In the records below, the line with "2. dvd case [217, 462, 258, 479]" opens the range and the line with "euler = roll, pitch, yaw" closes it; print that range exactly and nothing else.

_Stored items from a collection_
☆ ☆ ☆ ☆

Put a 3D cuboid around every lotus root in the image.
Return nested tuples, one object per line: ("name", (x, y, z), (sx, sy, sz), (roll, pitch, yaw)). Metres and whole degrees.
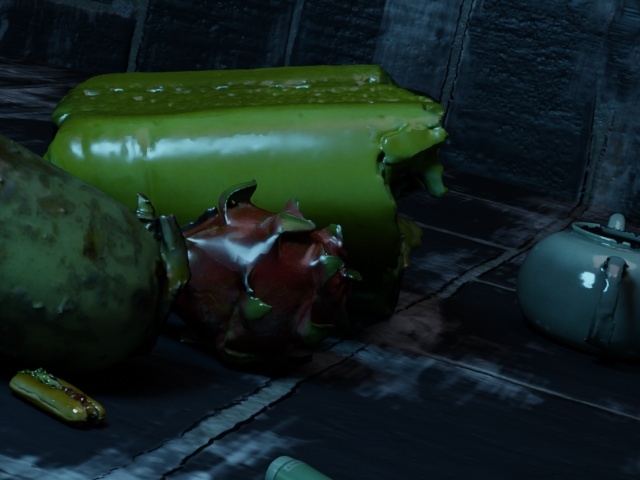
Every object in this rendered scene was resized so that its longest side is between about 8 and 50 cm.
("lotus root", (-0.246, -0.011, 1.088), (0.309, 0.173, 0.173), (34, 5, -16))

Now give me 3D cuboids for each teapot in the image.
("teapot", (0.312, 0.050, 1.623), (0.193, 0.129, 0.294), (14, 10, 9))

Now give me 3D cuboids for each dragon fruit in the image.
("dragon fruit", (-0.084, 0.028, 1.238), (0.236, 0.137, 0.135), (13, 47, 6))

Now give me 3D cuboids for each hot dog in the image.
("hot dog", (-0.180, 0.105, 1.020), (0.083, 0.021, 0.037), (21, 12, 34))

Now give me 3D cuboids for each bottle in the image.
("bottle", (-0.001, 0.160, 0.918), (0.030, 0.030, 0.083), (4, 13, -40))

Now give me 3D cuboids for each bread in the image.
("bread", (-0.077, -0.053, 1.402), (0.377, 0.208, 0.251), (1, 18, -1))

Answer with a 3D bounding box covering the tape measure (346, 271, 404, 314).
("tape measure", (0.000, 0.000, 1.584), (0.200, 0.106, 0.175), (12, 25, 8))
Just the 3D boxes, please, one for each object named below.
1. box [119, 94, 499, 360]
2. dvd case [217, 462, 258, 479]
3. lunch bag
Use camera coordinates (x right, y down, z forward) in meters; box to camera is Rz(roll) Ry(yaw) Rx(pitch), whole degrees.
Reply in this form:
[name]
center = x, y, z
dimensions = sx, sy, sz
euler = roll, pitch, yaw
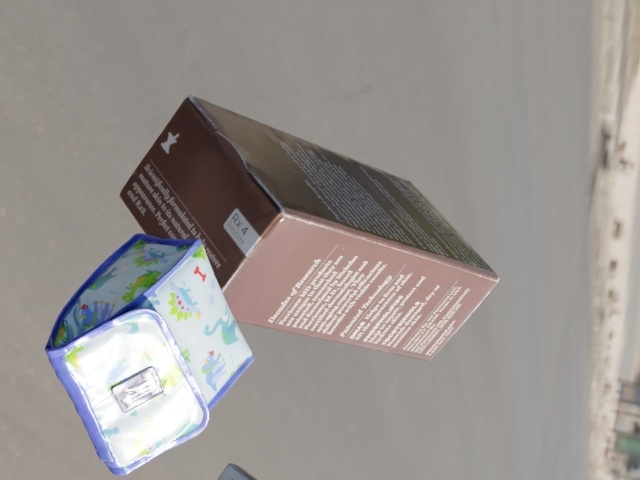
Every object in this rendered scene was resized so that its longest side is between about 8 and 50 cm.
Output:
[box]
center = 0.000, 0.000, 1.273
dimensions = 0.381, 0.191, 0.143
euler = 19, 115, -50
[dvd case]
center = -0.039, 0.337, 1.066
dimensions = 0.179, 0.238, 0.029
euler = -56, 154, -4
[lunch bag]
center = -0.137, 0.087, 0.945
dimensions = 0.151, 0.096, 0.129
euler = -46, 127, -38
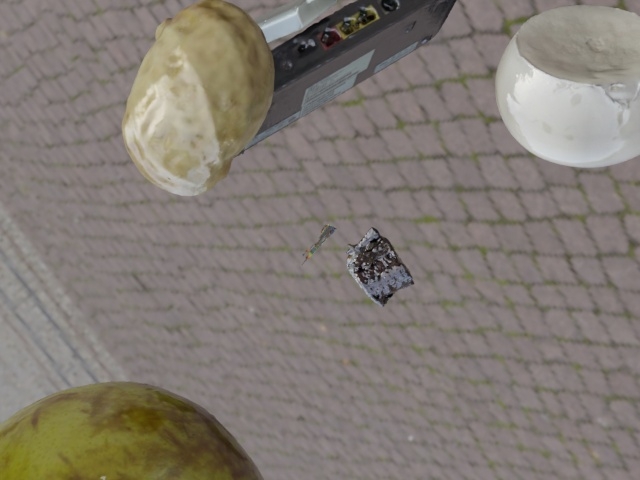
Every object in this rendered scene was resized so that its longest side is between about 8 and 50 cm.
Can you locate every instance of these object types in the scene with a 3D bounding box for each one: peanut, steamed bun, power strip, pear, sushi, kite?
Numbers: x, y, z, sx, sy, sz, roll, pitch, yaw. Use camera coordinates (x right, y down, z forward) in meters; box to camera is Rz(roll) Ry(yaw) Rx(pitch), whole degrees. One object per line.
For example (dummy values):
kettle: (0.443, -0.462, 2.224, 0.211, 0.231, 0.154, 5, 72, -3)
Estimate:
peanut: (-0.094, -0.113, 0.912, 0.109, 0.159, 0.140, 17, 168, 2)
steamed bun: (0.462, -0.257, 1.994, 0.324, 0.324, 0.206, 29, 138, 33)
power strip: (-0.061, -0.258, 1.381, 0.027, 0.060, 0.252, 57, 154, -16)
pear: (-0.166, 0.244, 0.853, 0.283, 0.283, 0.284, 36, 153, 22)
sushi: (0.094, 0.047, 1.848, 0.098, 0.084, 0.094, 47, -172, -44)
kite: (0.000, 0.000, 1.920, 0.004, 0.122, 0.090, 44, 127, -12)

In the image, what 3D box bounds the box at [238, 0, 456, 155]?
box: (0.010, -0.222, 1.427, 0.058, 0.350, 0.211, 58, 170, 4)
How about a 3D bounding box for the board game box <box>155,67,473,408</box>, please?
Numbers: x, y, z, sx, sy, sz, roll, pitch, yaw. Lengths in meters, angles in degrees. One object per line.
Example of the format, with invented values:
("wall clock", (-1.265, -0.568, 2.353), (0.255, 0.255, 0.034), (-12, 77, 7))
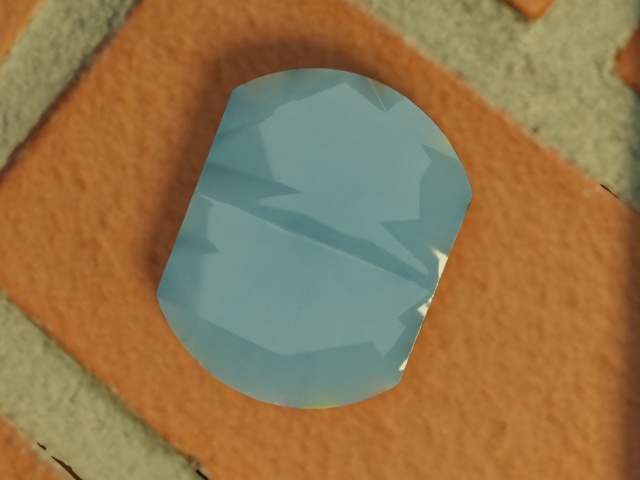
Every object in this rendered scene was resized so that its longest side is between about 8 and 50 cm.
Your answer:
("board game box", (0.000, 0.000, 0.945), (0.133, 0.033, 0.169), (21, 94, 13))
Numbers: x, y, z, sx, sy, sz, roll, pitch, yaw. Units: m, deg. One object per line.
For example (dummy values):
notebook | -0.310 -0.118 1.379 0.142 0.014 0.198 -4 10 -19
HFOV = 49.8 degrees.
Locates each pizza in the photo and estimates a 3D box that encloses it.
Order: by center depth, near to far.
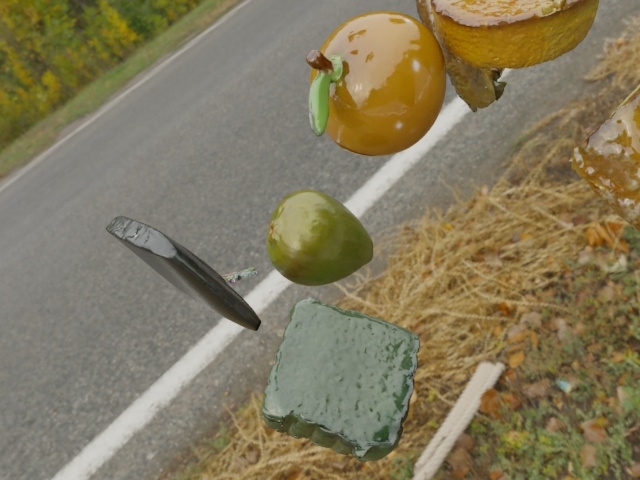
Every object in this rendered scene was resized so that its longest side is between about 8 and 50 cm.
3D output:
pizza | 0.287 -0.440 1.297 0.080 0.434 0.392 -13 63 51

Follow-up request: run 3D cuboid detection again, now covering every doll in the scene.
doll | 0.064 -0.232 0.993 0.213 0.214 0.236 -4 -6 43

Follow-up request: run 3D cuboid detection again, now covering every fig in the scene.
fig | -0.009 0.003 1.490 0.207 0.230 0.207 -18 60 35

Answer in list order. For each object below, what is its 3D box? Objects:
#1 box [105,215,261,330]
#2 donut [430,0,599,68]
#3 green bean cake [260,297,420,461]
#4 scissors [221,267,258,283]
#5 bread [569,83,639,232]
box | -0.184 0.042 0.928 0.042 0.201 0.212 -55 33 -14
donut | 0.284 -0.344 1.002 0.253 0.118 0.254 -10 41 9
green bean cake | 0.035 0.223 1.082 0.227 0.125 0.223 16 62 6
scissors | -0.183 0.078 1.463 0.133 0.020 0.187 -16 3 -21
bread | 0.446 -0.101 0.652 0.207 0.279 0.279 -37 -13 -49
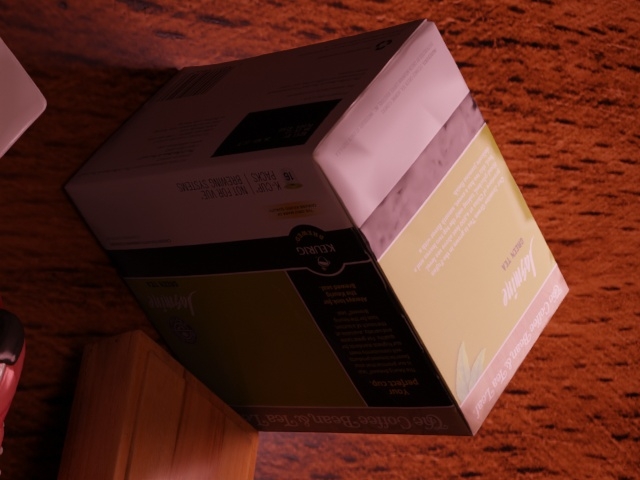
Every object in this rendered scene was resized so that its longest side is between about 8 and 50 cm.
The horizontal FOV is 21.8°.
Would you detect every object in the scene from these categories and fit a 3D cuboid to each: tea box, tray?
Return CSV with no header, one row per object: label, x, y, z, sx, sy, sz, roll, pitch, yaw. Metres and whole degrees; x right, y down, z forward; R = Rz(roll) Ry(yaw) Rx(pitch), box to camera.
tea box,0.000,0.000,1.576,0.220,0.329,0.323,-50,122,-38
tray,-0.155,0.305,1.469,0.203,0.076,0.411,46,39,-41

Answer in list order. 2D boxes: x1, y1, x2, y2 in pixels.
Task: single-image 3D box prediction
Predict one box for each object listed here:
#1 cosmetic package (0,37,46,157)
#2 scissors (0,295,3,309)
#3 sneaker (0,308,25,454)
cosmetic package,-0.413,-0.051,1.050,0.161,0.453,0.230,56,50,-27
scissors,-0.330,-0.022,1.456,0.109,0.021,0.297,-2,87,-44
sneaker,-0.320,0.209,1.395,0.136,0.116,0.314,40,67,-51
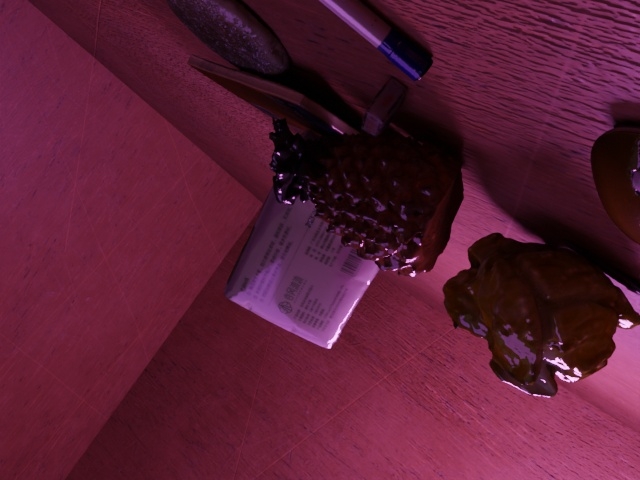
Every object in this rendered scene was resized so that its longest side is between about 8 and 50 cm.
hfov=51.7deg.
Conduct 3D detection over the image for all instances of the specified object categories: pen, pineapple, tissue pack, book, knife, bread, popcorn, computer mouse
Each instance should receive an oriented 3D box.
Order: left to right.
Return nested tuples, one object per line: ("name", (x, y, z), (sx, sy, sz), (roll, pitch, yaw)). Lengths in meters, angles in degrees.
("bread", (-0.163, -0.356, 1.117), (0.267, 0.040, 0.267), (35, 175, 3))
("book", (-0.064, -0.252, 1.264), (0.374, 0.028, 0.262), (30, -178, 43))
("tissue pack", (0.000, 0.000, 1.318), (0.266, 0.357, 0.194), (28, -151, -3))
("pen", (0.015, -0.274, 0.741), (0.269, 0.033, 0.033), (36, 175, -11))
("pineapple", (0.040, -0.095, 1.051), (0.357, 0.223, 0.223), (25, 172, 21))
("tissue pack", (0.088, -0.183, 0.923), (0.035, 0.063, 0.083), (38, 176, 2))
("popcorn", (0.340, 0.113, 1.059), (0.276, 0.225, 0.276), (57, 162, 31))
("knife", (0.475, 0.069, 1.000), (0.247, 0.018, 0.035), (37, -179, 16))
("computer mouse", (0.356, -0.027, 0.671), (0.126, 0.056, 0.245), (29, 170, 49))

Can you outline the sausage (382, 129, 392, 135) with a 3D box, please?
("sausage", (0.137, -0.153, 1.105), (0.132, 0.024, 0.024), (34, 175, 2))
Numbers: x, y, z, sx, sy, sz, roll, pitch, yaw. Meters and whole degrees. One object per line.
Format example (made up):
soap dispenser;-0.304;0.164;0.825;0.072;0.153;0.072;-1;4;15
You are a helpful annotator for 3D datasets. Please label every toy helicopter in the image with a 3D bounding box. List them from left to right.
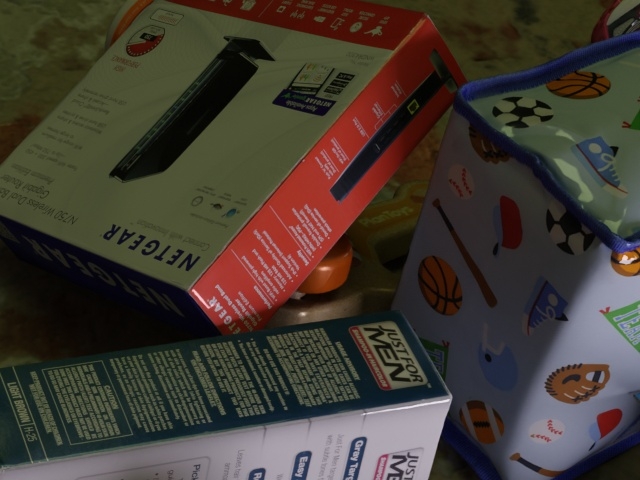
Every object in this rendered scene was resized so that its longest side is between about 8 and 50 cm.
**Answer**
toy helicopter;0.000;0.000;1.756;0.235;0.140;0.355;31;32;34

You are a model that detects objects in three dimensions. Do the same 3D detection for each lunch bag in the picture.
lunch bag;0.277;0.003;1.638;0.385;0.328;0.239;-22;55;-36

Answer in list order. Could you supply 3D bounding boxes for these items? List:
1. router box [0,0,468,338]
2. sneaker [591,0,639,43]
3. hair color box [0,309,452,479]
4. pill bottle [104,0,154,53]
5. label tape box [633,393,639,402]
router box;-0.090;-0.080;1.634;0.335;0.082;0.301;18;62;48
sneaker;0.437;-0.245;2.136;0.299;0.121;0.112;-13;76;-16
hair color box;-0.091;0.168;1.472;0.347;0.174;0.105;-7;43;-22
pill bottle;-0.099;-0.146;1.872;0.121;0.121;0.221;-22;52;-34
label tape box;0.430;0.218;1.540;0.334;0.106;0.240;0;27;-24
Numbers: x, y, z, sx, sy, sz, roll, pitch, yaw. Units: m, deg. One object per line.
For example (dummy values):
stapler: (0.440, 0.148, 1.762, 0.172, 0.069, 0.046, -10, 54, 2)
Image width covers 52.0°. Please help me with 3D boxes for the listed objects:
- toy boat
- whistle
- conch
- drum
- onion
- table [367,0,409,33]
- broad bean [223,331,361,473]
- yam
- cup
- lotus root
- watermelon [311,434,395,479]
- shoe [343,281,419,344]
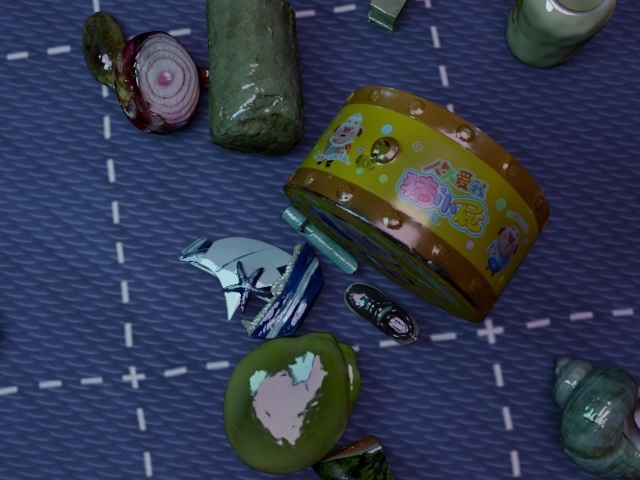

☆ ☆ ☆ ☆

_Solution to the problem_
2. dvd case [217, 462, 258, 479]
3. lunch bag
Use camera coordinates (x right, y down, z forward) in meters; box to camera is Rz(roll) Ry(yaw) Rx(pitch), whole degrees.
Reply in this form:
[name]
center = x, y, z
dimensions = sx, sy, sz
euler = roll, pitch, yaw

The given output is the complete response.